The child began to cry louder than before. Miranda cradled the baby in her arms and spoke to him softly. The midwives tried to shoo Jack out of the room, but without success. Jack ignored them and looked around the room wildly.
“I need candlelight, now!” He commanded.
“Perhaps I can be of assistance?” A voice offered from the darkness. A small blue hued fire lit up a corner of the room and revealed the hooded man. Jack leapt across the room, sword held high. He plunged his blade deep into the man’s chest. The man didn’t budge; he gave a wicked smile and said, “You fool, not only have you cursed your son by looking upon his face, but you’ve angered me as well.” Whispering words under his breath the man smacked Jack aside, sending him flying against a wall. Miranda used all the power she had left to make herself and the child disappear into the shadows. The mysterious man was as adept to the shadows as Miranda though. He followed her into the darkness.

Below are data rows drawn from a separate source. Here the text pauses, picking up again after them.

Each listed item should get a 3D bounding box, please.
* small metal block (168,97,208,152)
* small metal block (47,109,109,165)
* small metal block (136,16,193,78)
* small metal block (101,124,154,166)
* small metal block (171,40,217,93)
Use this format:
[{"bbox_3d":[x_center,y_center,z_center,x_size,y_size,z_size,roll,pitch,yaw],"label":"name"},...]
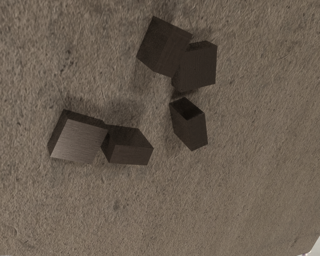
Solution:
[{"bbox_3d":[0.037,-0.006,0.409,0.025,0.050,0.050,-23,127,-15],"label":"small metal block"},{"bbox_3d":[-0.096,0.011,0.362,0.050,0.025,0.050,18,109,-36],"label":"small metal block"},{"bbox_3d":[0.003,-0.089,0.338,0.025,0.050,0.050,13,112,-34],"label":"small metal block"},{"bbox_3d":[-0.043,0.020,0.381,0.050,0.050,0.025,8,114,-32],"label":"small metal block"},{"bbox_3d":[0.042,-0.077,0.384,0.050,0.025,0.050,-16,125,-20],"label":"small metal block"}]
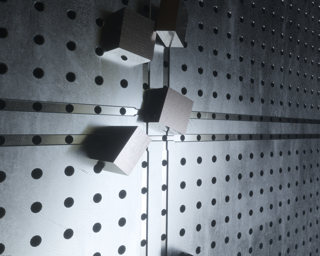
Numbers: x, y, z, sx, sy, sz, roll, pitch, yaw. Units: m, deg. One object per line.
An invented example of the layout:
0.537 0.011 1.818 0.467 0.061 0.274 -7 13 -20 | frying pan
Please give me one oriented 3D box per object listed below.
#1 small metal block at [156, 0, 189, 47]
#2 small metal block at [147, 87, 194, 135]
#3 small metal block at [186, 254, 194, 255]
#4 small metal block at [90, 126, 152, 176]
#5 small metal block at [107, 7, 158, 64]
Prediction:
0.017 -0.141 0.411 0.050 0.025 0.050 29 69 -71 | small metal block
0.015 -0.022 0.424 0.050 0.025 0.050 25 74 -38 | small metal block
0.053 0.216 0.441 0.025 0.050 0.050 -7 95 -40 | small metal block
-0.045 0.025 0.357 0.025 0.050 0.050 48 62 -30 | small metal block
-0.033 -0.113 0.383 0.050 0.025 0.050 13 82 -40 | small metal block
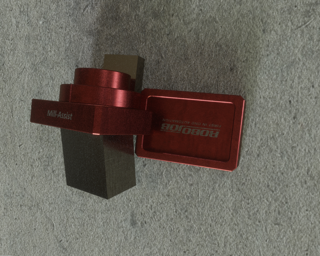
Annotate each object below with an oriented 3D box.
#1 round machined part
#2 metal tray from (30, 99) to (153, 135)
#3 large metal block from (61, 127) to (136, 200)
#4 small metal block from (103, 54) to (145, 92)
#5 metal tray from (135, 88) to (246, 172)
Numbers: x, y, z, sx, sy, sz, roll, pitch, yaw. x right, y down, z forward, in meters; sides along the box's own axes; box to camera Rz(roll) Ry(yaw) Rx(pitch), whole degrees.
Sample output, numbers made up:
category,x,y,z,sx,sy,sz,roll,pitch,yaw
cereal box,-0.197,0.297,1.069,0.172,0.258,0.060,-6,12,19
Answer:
category,x,y,z,sx,sy,sz,roll,pitch,yaw
round machined part,-0.072,-0.048,0.384,0.098,0.098,0.042,7,92,19
metal tray,-0.086,-0.014,0.387,0.130,0.091,0.030,8,94,38
large metal block,-0.080,0.038,0.404,0.080,0.050,0.079,7,106,37
small metal block,-0.051,-0.074,0.428,0.050,0.025,0.050,7,92,19
metal tray,0.037,0.000,0.394,0.130,0.030,0.089,7,92,19
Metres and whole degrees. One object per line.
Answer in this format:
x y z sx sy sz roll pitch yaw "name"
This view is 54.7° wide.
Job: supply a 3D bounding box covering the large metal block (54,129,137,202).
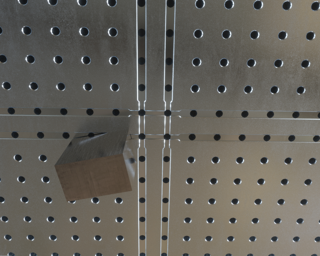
-0.077 0.045 0.400 0.080 0.080 0.050 -10 110 3 "large metal block"
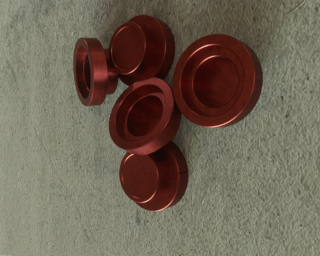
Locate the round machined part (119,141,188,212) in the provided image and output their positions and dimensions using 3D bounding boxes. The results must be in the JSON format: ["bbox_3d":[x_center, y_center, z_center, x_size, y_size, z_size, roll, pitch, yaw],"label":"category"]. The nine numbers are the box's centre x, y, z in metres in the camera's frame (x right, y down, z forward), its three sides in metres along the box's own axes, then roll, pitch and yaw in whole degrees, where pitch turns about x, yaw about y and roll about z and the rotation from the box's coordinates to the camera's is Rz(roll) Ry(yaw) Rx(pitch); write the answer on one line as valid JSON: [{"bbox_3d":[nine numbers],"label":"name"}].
[{"bbox_3d":[-0.015,0.060,0.405,0.098,0.042,0.097,0,90,39],"label":"round machined part"}]

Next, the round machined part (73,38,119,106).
[{"bbox_3d":[-0.093,-0.082,0.456,0.098,0.042,0.097,22,116,57],"label":"round machined part"}]

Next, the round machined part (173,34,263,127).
[{"bbox_3d":[0.065,-0.049,0.340,0.098,0.042,0.097,0,90,39],"label":"round machined part"}]

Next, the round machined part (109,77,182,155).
[{"bbox_3d":[-0.014,-0.012,0.391,0.098,0.042,0.098,-17,58,29],"label":"round machined part"}]

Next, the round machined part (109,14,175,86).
[{"bbox_3d":[-0.031,-0.104,0.418,0.098,0.042,0.097,0,90,39],"label":"round machined part"}]
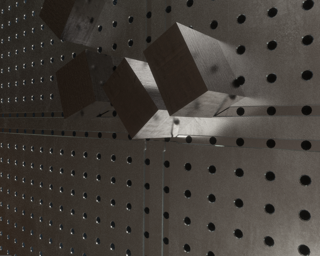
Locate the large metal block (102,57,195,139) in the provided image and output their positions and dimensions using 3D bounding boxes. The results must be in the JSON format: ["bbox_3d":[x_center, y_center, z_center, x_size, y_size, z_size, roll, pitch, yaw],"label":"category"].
[{"bbox_3d":[-0.010,-0.034,0.380,0.050,0.081,0.080,-47,63,30],"label":"large metal block"}]

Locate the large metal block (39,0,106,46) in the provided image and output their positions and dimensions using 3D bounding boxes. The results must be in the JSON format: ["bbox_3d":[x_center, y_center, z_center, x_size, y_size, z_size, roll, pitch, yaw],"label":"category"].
[{"bbox_3d":[-0.147,-0.196,0.511,0.080,0.050,0.080,47,118,29],"label":"large metal block"}]

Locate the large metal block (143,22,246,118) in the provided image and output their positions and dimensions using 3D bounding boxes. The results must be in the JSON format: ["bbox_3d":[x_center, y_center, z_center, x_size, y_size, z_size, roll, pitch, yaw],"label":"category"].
[{"bbox_3d":[0.039,-0.059,0.340,0.050,0.081,0.080,-34,69,35],"label":"large metal block"}]

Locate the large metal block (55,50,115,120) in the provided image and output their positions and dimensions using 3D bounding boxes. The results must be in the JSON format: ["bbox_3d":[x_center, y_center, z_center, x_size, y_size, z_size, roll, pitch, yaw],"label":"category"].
[{"bbox_3d":[-0.112,-0.063,0.483,0.080,0.050,0.080,-23,76,37],"label":"large metal block"}]
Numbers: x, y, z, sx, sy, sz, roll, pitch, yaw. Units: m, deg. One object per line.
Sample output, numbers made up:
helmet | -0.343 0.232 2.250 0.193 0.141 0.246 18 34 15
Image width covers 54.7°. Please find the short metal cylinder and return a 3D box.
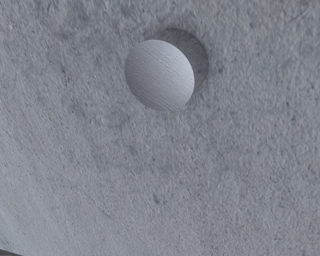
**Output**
short metal cylinder | 0.008 -0.065 0.345 0.080 0.050 0.079 13 124 20
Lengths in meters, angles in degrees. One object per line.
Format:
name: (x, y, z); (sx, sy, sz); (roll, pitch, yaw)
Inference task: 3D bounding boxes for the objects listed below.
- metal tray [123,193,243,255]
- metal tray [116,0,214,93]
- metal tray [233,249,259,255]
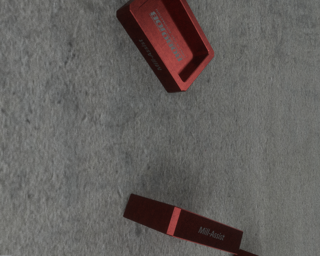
metal tray: (0.031, 0.121, 0.390); (0.131, 0.090, 0.030); (30, 72, -36)
metal tray: (0.013, -0.123, 0.413); (0.090, 0.030, 0.130); (-52, 121, -28)
metal tray: (0.170, 0.274, 0.508); (0.030, 0.090, 0.129); (-25, 106, -38)
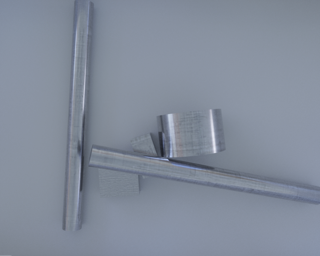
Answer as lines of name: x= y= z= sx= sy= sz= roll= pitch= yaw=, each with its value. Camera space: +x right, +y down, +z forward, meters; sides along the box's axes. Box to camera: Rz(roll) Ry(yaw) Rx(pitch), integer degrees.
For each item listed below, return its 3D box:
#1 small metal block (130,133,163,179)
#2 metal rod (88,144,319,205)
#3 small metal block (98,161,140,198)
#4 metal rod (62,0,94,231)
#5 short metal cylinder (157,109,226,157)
small metal block: x=-0.016 y=0.034 z=0.399 sx=0.025 sy=0.050 sz=0.050 roll=-19 pitch=90 yaw=0
metal rod: x=0.067 y=0.060 z=0.378 sx=0.302 sy=0.025 sz=0.025 roll=12 pitch=90 yaw=-14
small metal block: x=-0.053 y=0.063 z=0.411 sx=0.050 sy=0.025 sz=0.050 roll=-4 pitch=90 yaw=-1
metal rod: x=-0.108 y=-0.016 z=0.409 sx=0.025 sy=0.025 sz=0.298 roll=3 pitch=90 yaw=-1
short metal cylinder: x=0.038 y=0.006 z=0.384 sx=0.081 sy=0.080 sz=0.050 roll=-6 pitch=90 yaw=0
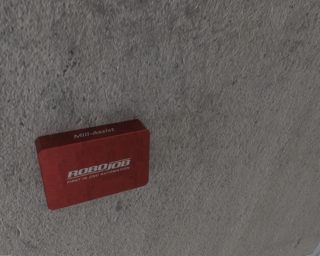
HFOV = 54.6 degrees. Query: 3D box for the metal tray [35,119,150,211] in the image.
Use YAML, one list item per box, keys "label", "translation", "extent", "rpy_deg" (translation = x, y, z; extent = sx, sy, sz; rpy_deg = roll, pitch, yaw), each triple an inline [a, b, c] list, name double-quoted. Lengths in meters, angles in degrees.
- label: "metal tray"
  translation: [-0.079, 0.044, 0.387]
  extent: [0.131, 0.030, 0.089]
  rpy_deg: [-11, 123, -22]
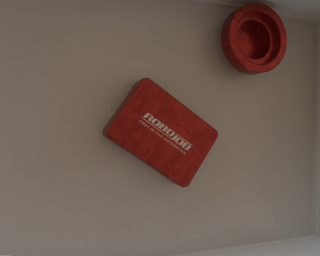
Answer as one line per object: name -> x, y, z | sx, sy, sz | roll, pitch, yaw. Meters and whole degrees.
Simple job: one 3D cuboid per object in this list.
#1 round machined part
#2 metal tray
round machined part -> 0.131, -0.126, 0.451 | 0.099, 0.042, 0.097 | 0, 90, -21
metal tray -> 0.003, 0.007, 0.410 | 0.130, 0.030, 0.090 | 36, 78, -17
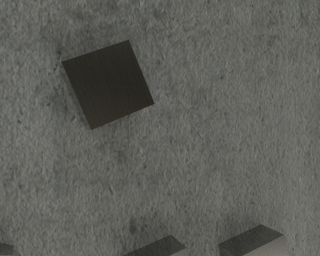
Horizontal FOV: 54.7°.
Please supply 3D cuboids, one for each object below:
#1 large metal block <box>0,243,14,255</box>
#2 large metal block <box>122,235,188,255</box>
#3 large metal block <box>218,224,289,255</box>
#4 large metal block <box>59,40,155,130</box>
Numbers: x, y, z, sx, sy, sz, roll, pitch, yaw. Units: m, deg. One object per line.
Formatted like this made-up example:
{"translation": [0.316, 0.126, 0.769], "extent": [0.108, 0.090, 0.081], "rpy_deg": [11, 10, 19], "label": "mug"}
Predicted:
{"translation": [-0.210, 0.161, 0.318], "extent": [0.080, 0.050, 0.080], "rpy_deg": [22, 83, -19], "label": "large metal block"}
{"translation": [-0.002, 0.197, 0.396], "extent": [0.081, 0.050, 0.080], "rpy_deg": [-17, 96, -20], "label": "large metal block"}
{"translation": [0.140, 0.199, 0.450], "extent": [0.081, 0.050, 0.080], "rpy_deg": [-16, 96, -20], "label": "large metal block"}
{"translation": [-0.065, -0.050, 0.372], "extent": [0.081, 0.050, 0.080], "rpy_deg": [-24, 99, -19], "label": "large metal block"}
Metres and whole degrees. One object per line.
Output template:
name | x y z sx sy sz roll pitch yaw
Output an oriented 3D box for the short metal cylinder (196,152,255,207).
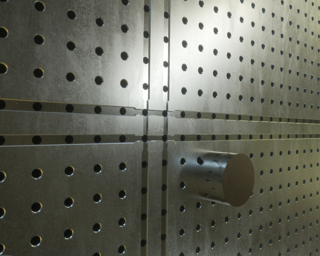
short metal cylinder | 0.103 0.078 0.482 0.081 0.050 0.079 0 90 -40

As you could’ve guessed, the inside of a shadow is pitch-black and silent, but for Miranda and the hooded man it was natural. They were both Keeper’s of the Shadows after all.
“Miranda,” the hooded man called out mockingly.
He could hear her heartbeat, sense the tears that slid down her cheeks, feel her anguish. For a moment his conscience troubled him, he felt pity, but only for a moment.
He found her curled up on the floor, holding her child tight. He summoned a small blue fire to come to him and examined her. She was as beautiful as he remembered her. Her long, raven-black hair tied back in a ponytail, her fair and divine face, her twinkling amber eyes pouring tears. She had been crying the last time he saw her, it was a sort of curse he had; people feared and hated him. Who could he blame? He was evil and cruel. But he loved Miranda; that was the only thing keeping him from taking the child by force.
“Miranda,” he spoke in the softest voice he could. “I’ve come to save you and the child. Give him to me.”
“Why are you doing this?” Miranda cried out. “Why”?
“I’m saving your life! Now give me the child!” The man’s voice echoed off into the darkness. He could tolerate her disobedience no longer. Swiftly, he snatched the child from her and disappeared.
It was days until Miranda finally came out of the shadows. Jack insisted that they search for their son together, but she refused again and again. The torture of her loss was too much for her to bear. She lay in bed for days refusing to speak, or eat, or sleep. Jack went to search for their son alone and did not return for weeks. When he did return, Miranda was gone. The servants of the house knew almost nothing, except that on the day she disappeared the sun was blocked out by a great shadow, and the cry of a child rung throughout the hills.